Re: [PATCH bpf-next 1/2] bpf: align syscall writeback behavior with caller-declared size

From: Alexei Starovoitov

Date: Fri May 29 2026 - 16:40:19 EST

On Thu May 28, 2026 at 9:44 PM PDT, Yuyang Huang wrote:
> On Fri, May 29, 2026 at 9:03 AM Alexei Starovoitov
> <alexei.starovoitov@xxxxxxxxx> wrote:
>>
>> On Mon May 25, 2026 at 12:21 AM PDT, Yuyang Huang wrote:
>
> Thanks for the reply.
>
>> Ok. This is fair. 120933984460 is indeed problematic.
>
> I'm glad to hear we agree that 120933984460 is problematic.
>
>> Not really. Your patch adds checks to what looks like "random" copy_to_user()
>> places. This thread is clear indication that it's not a "robust architectural path".
>>
>> True robust path would be to wrap every copy_to_user() into another helper
>> that takes uattr start pointer and size, does extra check, and
>> returns something like ENOSPC (and not EFAULT),
>> but that would be a significant churn.
>
> I agree that the truly robust path would be a proper copy_to_user()
> wrapper instead of doing the ad-hoc check in the current path, but
> indeed, that will be a big change.
>
>> So I prefer a minimal patch that add single check in bpf_prog_query()
>> that checks that user space supplied buffer is large enough for attr->query.
>> If not -> EFAULT. That would be better than overwritting.
>> One can argue that partial copy_to_user() in __cgroup_bpf_query()
>> should still be allowed, but I'm against partial and
>> inconsistent queries.
>> query.revision might seem benign, but if we do it for all copy_to_user()
>> we better return ENOSPC to differentiate vs EFAULT to tell user space
>> to fix itself.
>
> Okay, I understand the preference is for a minimal patch to implement
> the fix. Just to make sure I fully understand your suggestion:
>
> Are you proposing that we add a single check at the entry gate in
> `bpf_prog_query()` like this?
>
> ```c
> static int bpf_prog_query(const union bpf_attr *attr,
> union bpf_attr __user *uattr, u32 uattr_size)
> {
> if (uattr_size < offsetofend(union bpf_attr, query.revision))
> return -EFAULT;
> ...
> }
> ```
>
> If we implement this, I want to confirm if you are okay with the
> consequence for legacy cgroup queries (e.g.,
> `BPF_CGROUP_INET_INGRESS`):
>
> 1. Before 120933984460: Legacy userspace compiled years ago with a
> 40-byte `bpf_attr` layout (ending at `prog_attach_flags`) regularly
> queries cgroups passing `size = 40`, and it worked perfectly.
> 2. With this check: These unmodified legacy applications will now fail
> with `-EFAULT` on newer kernels because they pass `size = 40` which is
> less than 64. This means all user-space applicaion is expected to
> "fix" their code when along with the kernel upgrade.

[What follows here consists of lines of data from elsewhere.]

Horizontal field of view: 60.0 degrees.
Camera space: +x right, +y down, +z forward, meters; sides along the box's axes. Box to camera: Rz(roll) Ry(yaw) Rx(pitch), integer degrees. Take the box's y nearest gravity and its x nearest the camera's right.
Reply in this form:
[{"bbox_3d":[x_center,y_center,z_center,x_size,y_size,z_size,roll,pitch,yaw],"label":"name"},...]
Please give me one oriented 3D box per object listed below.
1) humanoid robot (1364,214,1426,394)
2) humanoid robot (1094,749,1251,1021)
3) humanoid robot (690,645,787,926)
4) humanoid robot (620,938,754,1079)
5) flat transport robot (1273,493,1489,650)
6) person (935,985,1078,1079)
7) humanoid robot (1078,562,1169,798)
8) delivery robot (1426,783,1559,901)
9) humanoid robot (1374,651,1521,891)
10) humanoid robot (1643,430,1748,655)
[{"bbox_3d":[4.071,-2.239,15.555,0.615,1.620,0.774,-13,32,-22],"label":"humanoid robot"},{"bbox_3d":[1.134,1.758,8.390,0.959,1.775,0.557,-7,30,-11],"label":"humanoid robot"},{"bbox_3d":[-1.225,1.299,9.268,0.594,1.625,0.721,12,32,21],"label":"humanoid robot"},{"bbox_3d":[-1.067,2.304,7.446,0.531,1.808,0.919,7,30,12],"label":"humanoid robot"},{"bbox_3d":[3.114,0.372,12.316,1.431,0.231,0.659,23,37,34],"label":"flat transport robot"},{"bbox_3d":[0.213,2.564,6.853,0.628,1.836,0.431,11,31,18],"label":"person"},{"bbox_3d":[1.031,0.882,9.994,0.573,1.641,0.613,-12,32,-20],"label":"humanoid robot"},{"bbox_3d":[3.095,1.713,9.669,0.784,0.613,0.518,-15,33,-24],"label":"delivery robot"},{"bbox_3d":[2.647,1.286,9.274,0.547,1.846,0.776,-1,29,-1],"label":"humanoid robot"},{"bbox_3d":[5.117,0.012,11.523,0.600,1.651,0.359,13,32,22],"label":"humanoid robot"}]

I bet you fixed your android setup long ago,
so all of these "but what about backward compat" is getting annoying.
Whatever kernel patch get merged android won't even backport, so enough of it.

> Is your preference to explicitly fail these legacy `size = 40` cgroup
> queries (breaking backward compatibility for them) to avoid "partial
> and inconsistent queries"?
>
> If we want to keep these legacy queries working safely (without
> failing them and without causing memory corruption), we cannot use a
> single check in `bpf_prog_query()`. We would still be forced to plumb
> `uattr_size` to `__cgroup_bpf_query()` so we can conditionally skip
> the `revision` writeback when `size < 64`.

Replied earlier that I don't like random checks like this through the code.